Answer with one number only: the count of lines below that hold the word "along".

•••••

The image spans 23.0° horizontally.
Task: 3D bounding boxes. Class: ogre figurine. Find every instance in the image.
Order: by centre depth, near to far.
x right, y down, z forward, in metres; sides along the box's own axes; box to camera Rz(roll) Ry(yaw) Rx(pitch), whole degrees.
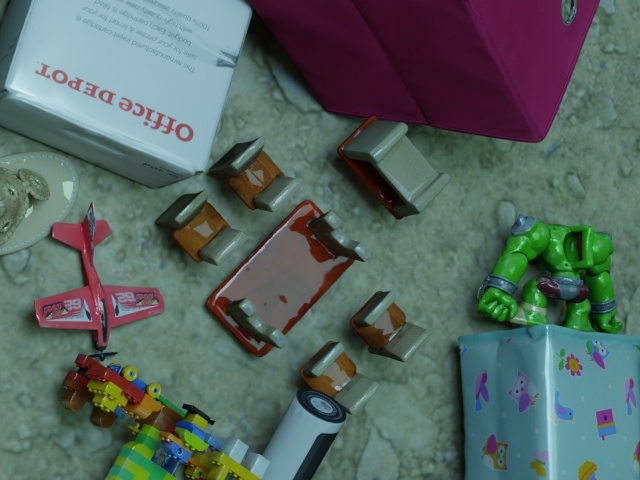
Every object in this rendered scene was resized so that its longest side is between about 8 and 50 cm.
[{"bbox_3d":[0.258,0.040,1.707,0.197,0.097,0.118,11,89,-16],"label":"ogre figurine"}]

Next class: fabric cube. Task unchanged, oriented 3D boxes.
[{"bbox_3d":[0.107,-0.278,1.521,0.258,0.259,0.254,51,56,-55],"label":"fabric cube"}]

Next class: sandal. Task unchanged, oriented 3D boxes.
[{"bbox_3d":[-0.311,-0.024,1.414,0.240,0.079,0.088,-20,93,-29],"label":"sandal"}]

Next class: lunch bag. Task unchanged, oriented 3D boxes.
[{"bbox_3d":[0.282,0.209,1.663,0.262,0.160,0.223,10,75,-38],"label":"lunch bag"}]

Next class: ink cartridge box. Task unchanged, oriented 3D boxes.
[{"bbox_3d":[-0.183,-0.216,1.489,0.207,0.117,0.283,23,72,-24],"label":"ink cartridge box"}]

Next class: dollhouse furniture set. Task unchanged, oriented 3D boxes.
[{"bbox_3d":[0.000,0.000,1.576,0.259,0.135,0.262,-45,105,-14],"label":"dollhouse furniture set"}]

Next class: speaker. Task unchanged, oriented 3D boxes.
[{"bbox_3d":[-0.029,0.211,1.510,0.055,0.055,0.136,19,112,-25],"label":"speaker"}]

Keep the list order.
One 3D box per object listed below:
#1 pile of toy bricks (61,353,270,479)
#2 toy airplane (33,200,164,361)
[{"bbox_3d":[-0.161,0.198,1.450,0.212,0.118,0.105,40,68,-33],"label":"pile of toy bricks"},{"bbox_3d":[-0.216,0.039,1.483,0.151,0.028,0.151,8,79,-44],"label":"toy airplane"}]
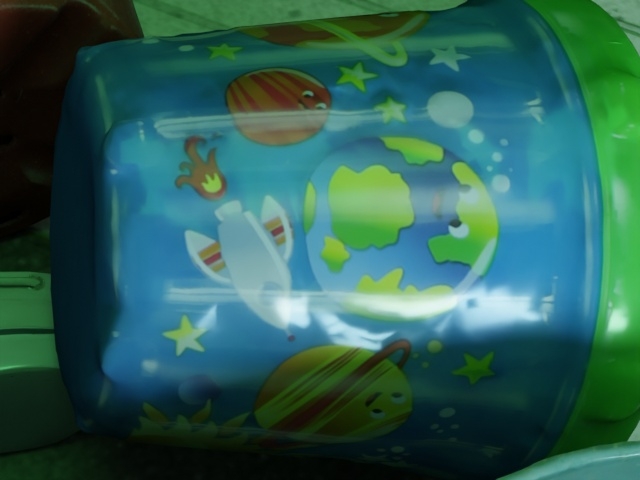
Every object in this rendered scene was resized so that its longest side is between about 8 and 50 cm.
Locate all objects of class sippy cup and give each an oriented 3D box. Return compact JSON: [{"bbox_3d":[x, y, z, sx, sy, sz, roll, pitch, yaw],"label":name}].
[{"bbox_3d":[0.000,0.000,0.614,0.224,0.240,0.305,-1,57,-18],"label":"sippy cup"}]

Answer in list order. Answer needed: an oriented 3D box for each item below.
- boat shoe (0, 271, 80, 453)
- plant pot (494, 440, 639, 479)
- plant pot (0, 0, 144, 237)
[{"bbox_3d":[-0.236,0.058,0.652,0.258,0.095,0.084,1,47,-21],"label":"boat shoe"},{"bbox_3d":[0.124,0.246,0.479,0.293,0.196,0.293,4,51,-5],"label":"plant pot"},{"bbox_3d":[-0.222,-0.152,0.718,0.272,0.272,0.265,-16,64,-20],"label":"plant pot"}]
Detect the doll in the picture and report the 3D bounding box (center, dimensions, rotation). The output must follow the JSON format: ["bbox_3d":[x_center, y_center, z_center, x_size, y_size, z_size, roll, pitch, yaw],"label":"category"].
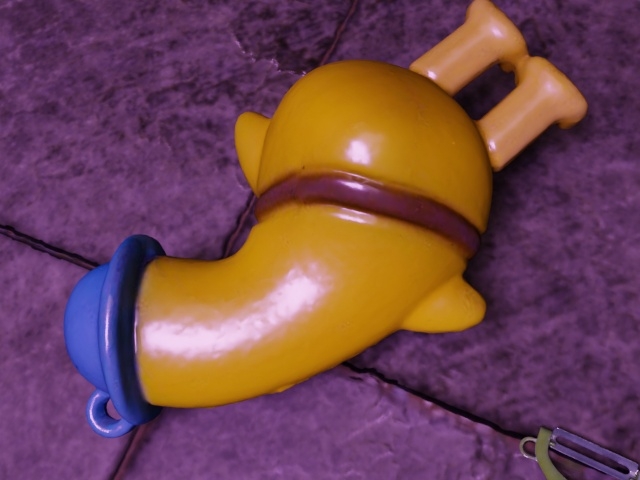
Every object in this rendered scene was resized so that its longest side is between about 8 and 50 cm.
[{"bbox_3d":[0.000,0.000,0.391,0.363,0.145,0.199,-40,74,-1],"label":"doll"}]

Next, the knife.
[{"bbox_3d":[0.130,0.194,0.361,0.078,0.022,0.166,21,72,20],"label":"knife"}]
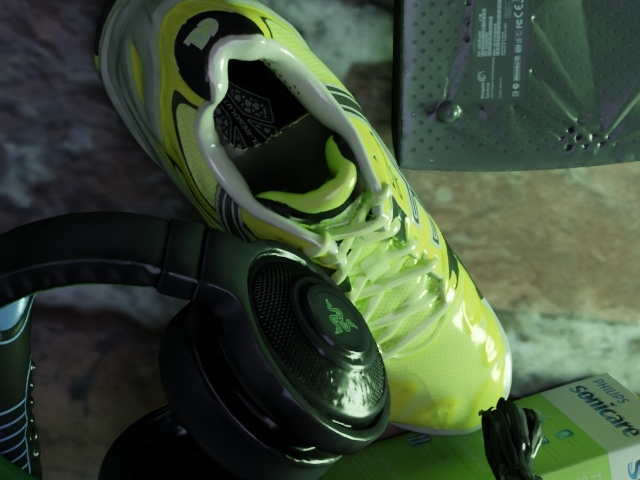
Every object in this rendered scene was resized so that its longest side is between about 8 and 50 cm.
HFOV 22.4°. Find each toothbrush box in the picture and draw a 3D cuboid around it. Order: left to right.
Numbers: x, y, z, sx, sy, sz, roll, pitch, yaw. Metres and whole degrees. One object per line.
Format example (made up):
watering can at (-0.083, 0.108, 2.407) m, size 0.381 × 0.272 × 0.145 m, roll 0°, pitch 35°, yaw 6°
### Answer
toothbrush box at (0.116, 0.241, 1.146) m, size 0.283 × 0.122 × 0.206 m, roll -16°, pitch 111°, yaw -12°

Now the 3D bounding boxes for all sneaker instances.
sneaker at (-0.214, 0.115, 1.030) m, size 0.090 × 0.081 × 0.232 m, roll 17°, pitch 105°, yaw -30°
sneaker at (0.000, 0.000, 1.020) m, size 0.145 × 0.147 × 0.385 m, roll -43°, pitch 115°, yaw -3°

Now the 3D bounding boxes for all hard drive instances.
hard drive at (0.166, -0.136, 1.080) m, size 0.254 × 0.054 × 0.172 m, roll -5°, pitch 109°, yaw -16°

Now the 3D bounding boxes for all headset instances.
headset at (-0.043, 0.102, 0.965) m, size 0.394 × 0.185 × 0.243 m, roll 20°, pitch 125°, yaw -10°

•••••

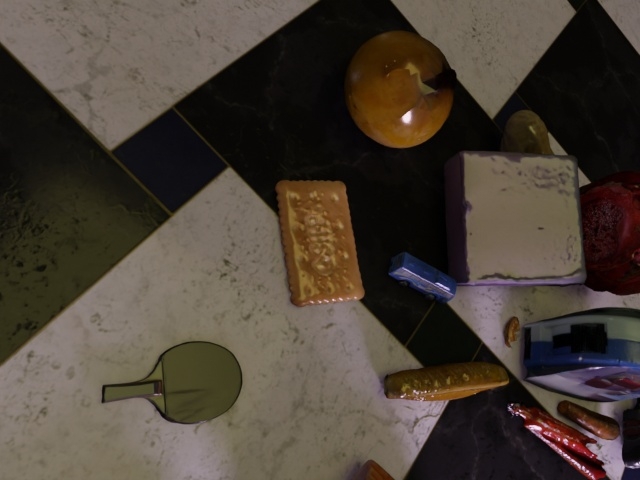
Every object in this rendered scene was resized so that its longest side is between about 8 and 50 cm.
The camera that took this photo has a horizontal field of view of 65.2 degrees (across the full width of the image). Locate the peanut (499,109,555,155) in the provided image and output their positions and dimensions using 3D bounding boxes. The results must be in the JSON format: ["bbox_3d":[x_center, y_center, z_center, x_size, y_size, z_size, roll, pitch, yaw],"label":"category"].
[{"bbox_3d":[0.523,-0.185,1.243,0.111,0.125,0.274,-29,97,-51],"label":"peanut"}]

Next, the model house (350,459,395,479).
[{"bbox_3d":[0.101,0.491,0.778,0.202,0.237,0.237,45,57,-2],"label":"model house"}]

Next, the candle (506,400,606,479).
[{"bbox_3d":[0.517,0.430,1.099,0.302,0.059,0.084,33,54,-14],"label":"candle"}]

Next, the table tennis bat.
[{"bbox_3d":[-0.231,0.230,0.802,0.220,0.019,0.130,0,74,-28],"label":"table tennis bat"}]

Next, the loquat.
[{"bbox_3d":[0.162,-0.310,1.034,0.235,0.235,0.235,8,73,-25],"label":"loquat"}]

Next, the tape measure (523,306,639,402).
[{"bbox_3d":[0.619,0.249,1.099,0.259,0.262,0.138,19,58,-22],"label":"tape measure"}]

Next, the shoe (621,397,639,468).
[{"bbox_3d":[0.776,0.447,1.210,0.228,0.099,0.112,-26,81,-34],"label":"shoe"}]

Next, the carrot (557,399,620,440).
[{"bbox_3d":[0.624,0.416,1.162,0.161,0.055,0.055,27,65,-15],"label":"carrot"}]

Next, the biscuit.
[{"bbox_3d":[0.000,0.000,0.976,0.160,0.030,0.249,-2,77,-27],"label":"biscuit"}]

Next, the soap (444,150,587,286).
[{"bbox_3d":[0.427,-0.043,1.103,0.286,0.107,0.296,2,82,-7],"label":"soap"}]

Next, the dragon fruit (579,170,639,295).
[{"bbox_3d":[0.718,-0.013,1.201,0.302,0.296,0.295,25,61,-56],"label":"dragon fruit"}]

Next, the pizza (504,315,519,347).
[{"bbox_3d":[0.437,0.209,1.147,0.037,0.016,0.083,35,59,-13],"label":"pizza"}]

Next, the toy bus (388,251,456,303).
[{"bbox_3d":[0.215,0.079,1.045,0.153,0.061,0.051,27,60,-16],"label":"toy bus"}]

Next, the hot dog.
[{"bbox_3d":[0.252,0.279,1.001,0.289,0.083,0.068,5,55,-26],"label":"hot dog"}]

•••••

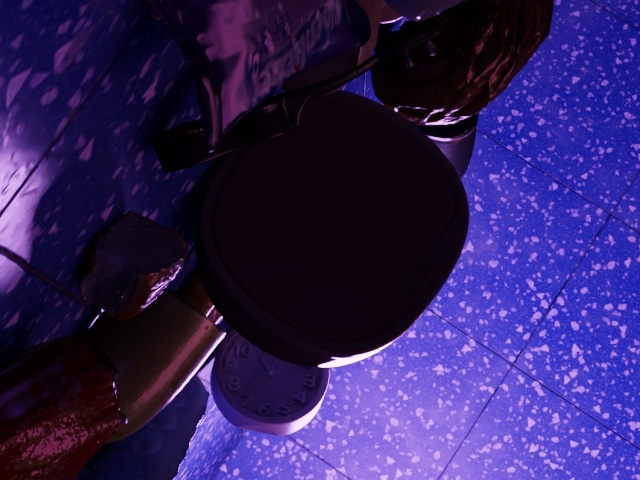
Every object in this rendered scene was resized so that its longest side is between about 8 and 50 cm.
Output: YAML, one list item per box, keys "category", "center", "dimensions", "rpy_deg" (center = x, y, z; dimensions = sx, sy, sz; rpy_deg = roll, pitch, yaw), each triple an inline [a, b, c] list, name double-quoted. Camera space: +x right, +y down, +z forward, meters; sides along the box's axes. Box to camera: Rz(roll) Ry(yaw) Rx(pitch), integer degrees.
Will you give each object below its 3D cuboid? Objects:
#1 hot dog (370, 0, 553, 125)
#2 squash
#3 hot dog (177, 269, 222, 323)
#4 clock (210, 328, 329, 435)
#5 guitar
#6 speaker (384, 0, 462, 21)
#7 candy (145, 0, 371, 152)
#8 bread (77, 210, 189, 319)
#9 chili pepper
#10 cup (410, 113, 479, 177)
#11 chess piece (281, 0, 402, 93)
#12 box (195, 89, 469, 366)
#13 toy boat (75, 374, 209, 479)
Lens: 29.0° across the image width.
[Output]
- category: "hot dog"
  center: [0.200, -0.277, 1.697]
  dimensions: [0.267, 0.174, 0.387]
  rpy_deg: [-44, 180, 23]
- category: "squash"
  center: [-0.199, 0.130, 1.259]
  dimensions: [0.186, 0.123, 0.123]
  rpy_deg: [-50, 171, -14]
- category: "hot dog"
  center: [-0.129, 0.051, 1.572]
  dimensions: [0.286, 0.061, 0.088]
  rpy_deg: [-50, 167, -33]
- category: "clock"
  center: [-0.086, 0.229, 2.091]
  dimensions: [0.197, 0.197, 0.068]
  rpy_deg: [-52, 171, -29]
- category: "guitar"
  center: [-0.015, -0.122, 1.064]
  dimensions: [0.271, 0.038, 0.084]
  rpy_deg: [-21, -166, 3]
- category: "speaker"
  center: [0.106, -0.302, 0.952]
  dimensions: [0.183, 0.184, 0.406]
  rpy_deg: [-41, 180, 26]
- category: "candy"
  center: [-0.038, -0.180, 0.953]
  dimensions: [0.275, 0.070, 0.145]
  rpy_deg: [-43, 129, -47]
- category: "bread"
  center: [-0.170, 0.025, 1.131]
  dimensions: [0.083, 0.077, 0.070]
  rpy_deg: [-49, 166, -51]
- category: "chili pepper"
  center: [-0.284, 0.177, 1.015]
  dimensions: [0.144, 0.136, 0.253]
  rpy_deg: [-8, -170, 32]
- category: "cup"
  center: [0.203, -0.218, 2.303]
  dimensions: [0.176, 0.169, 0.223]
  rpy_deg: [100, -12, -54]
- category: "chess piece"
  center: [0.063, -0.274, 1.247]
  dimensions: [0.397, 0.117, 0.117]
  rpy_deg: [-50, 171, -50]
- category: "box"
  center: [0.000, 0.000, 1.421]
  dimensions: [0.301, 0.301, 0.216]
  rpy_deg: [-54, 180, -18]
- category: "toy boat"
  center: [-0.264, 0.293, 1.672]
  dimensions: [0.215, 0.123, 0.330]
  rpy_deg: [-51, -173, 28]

•••••

■ PROBLEM SOLUTION ■
2